Xu Tianchen, Chen Kun, Li Gen
Bristol Myers Squibb.
Department of Statistics, University of Connecticut.
Ann Appl Stat. 2024 Jun;18(2):1195-1212. doi: 10.1214/23-aoas1830. Epub 2024 Apr 5.
Multivariate longitudinal data are frequently encountered in practice such as in our motivating longitudinal microbiome study. It is of general interest to associate such high-dimensional, longitudinal measures with some univariate continuous outcome. However, incomplete observations are common in a regular study design, as not all samples are measured at every time point, giving rise to the so-called blockwise missing values. Such missing structure imposes significant challenges for association analysis and defies many existing methods that require complete samples. In this paper we propose to represent multivariate longitudinal data as a three-way tensor array (i.e., sample-by-feature-by-time) and exploit a parsimonious scalar-on-tensor regression model for association analysis. We develop a regularized covariance-based estimation procedure that effectively leverages all available observations without imputation. The method achieves variable selection and smooth estimation of time-varying effects. The application to the motivating microbiome study reveals interesting links between the preterm infant's gut microbiome dynamics and their neurodevelopment. Additional numerical studies on synthetic data and a longitudinal aging study further demonstrate the efficacy of the proposed method.
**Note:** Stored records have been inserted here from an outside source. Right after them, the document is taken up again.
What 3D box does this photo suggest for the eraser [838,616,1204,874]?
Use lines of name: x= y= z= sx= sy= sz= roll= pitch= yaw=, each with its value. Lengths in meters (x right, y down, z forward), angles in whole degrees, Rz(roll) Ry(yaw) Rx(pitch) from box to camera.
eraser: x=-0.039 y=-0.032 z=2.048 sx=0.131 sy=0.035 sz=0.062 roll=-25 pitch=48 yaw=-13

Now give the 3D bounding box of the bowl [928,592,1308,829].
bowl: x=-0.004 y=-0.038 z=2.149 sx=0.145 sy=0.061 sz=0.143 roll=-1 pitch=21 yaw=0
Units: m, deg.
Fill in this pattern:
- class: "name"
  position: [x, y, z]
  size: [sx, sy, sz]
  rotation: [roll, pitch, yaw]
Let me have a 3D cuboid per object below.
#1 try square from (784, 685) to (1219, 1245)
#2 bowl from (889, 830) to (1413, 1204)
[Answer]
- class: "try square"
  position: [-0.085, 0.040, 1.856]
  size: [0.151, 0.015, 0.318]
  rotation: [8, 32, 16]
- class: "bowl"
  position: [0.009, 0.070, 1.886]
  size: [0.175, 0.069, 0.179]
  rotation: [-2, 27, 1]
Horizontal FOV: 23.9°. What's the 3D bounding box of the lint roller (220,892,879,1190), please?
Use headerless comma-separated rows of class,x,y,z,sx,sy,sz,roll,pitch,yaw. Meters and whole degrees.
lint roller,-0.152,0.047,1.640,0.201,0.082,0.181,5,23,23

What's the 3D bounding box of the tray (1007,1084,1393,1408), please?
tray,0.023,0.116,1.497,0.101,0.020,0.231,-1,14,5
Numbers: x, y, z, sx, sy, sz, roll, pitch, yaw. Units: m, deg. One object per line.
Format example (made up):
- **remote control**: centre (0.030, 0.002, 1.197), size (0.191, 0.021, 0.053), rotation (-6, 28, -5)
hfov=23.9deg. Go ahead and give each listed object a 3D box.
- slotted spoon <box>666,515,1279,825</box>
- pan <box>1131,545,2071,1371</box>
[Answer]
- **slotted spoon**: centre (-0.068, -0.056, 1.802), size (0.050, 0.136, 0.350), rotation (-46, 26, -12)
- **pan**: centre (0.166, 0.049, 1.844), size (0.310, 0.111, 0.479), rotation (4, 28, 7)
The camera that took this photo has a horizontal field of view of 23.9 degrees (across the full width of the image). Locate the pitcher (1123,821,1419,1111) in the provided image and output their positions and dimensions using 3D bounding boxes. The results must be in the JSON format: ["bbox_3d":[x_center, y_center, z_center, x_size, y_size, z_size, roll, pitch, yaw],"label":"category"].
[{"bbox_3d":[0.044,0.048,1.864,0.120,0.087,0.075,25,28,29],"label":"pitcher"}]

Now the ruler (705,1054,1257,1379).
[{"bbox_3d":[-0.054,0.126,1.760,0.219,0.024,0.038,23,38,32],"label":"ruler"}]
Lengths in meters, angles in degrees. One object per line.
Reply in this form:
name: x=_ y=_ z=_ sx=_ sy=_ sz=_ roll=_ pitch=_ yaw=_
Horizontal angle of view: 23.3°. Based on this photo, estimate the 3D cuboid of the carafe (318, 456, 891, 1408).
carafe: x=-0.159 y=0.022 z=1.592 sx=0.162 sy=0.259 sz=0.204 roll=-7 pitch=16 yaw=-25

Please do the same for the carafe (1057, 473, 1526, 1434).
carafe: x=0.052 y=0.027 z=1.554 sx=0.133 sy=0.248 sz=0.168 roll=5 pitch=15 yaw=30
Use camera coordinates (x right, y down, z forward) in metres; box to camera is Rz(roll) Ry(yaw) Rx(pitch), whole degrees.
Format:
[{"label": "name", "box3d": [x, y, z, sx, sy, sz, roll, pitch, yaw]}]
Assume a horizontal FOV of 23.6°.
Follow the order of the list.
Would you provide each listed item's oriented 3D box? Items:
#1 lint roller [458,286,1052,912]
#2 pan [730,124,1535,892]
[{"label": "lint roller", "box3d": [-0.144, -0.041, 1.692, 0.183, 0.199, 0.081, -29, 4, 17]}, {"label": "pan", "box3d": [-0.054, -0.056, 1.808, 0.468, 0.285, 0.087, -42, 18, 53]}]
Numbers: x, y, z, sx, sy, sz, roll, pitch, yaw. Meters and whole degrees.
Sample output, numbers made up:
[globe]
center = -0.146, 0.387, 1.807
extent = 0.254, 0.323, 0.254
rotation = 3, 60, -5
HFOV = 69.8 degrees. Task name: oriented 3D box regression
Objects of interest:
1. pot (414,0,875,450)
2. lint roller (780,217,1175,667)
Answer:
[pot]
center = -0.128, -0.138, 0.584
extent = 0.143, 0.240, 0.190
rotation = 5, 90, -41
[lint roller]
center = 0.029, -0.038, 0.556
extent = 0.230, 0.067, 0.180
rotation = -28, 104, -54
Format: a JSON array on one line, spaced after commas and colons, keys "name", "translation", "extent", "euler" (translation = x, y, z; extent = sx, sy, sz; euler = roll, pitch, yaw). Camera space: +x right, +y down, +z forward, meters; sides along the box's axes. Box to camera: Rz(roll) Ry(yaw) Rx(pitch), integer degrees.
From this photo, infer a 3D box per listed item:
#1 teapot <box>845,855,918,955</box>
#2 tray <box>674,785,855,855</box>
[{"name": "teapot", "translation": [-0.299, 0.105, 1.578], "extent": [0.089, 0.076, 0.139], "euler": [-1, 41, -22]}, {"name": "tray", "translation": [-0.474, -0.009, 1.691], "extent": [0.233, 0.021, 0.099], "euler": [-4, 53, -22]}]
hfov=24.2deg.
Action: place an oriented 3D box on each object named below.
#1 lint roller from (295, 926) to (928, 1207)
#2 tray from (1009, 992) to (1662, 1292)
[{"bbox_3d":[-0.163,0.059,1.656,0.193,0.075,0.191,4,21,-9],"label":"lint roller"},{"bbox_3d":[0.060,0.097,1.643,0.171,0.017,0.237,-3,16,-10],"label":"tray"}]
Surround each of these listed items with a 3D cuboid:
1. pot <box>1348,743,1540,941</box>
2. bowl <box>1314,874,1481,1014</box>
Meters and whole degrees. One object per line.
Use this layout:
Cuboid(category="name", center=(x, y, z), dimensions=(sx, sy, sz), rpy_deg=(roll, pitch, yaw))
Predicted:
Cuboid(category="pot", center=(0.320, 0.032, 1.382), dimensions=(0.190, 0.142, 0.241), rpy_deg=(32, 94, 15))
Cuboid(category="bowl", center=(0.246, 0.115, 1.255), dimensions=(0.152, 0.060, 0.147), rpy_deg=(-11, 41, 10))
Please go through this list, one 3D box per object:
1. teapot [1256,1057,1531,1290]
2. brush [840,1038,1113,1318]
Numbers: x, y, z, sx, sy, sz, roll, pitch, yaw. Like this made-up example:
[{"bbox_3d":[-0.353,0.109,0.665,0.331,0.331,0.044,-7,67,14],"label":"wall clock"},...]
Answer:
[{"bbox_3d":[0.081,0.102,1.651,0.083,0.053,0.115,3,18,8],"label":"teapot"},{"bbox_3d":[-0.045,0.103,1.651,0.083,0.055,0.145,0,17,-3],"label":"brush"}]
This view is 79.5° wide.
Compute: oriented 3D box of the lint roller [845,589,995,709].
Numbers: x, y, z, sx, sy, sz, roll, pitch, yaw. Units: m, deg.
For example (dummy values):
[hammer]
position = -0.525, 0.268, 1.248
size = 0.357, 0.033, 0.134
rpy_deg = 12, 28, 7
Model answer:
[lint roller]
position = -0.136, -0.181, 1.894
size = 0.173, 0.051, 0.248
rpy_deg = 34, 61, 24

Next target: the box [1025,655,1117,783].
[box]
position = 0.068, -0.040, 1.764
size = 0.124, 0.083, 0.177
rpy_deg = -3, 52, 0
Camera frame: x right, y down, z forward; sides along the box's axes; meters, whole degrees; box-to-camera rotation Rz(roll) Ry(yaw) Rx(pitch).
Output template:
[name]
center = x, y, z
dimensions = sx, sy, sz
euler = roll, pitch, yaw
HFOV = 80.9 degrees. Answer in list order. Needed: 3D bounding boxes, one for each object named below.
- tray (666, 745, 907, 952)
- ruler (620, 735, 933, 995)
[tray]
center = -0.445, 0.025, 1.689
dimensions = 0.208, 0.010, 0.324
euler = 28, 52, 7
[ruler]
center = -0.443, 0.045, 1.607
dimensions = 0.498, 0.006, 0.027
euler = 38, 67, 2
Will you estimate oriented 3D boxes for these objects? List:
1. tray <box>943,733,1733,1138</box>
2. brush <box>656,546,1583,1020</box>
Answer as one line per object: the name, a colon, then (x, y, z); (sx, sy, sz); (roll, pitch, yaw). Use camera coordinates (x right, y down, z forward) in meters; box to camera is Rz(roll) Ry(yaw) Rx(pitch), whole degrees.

多变量纵向数据在实际中经常遇到,比如在我们具有启发性的纵向微生物组研究中。将这种高维纵向测量与某个单变量连续结果联系起来是普遍感兴趣的问题。然而,在常规研究设计中不完整观测很常见,因为并非所有样本都在每个时间点进行测量,从而产生了所谓的逐块缺失值。这种缺失结构给关联分析带来了重大挑战,并且使许多需要完整样本的现有方法失效。在本文中,我们建议将多变量纵向数据表示为一个三维张量数组(即样本 - 特征 - 时间),并利用一个简约的标量对张量回归模型进行关联分析。我们开发了一种基于正则化协方差的估计程序,该程序无需插补就能有效利用所有可用观测值。该方法实现了变量选择和时变效应的平滑估计。应用于具有启发性的微生物组研究揭示了早产儿肠道微生物组动态与其神经发育之间有趣的联系。对合成数据和一项纵向衰老研究的额外数值研究进一步证明了所提方法的有效性。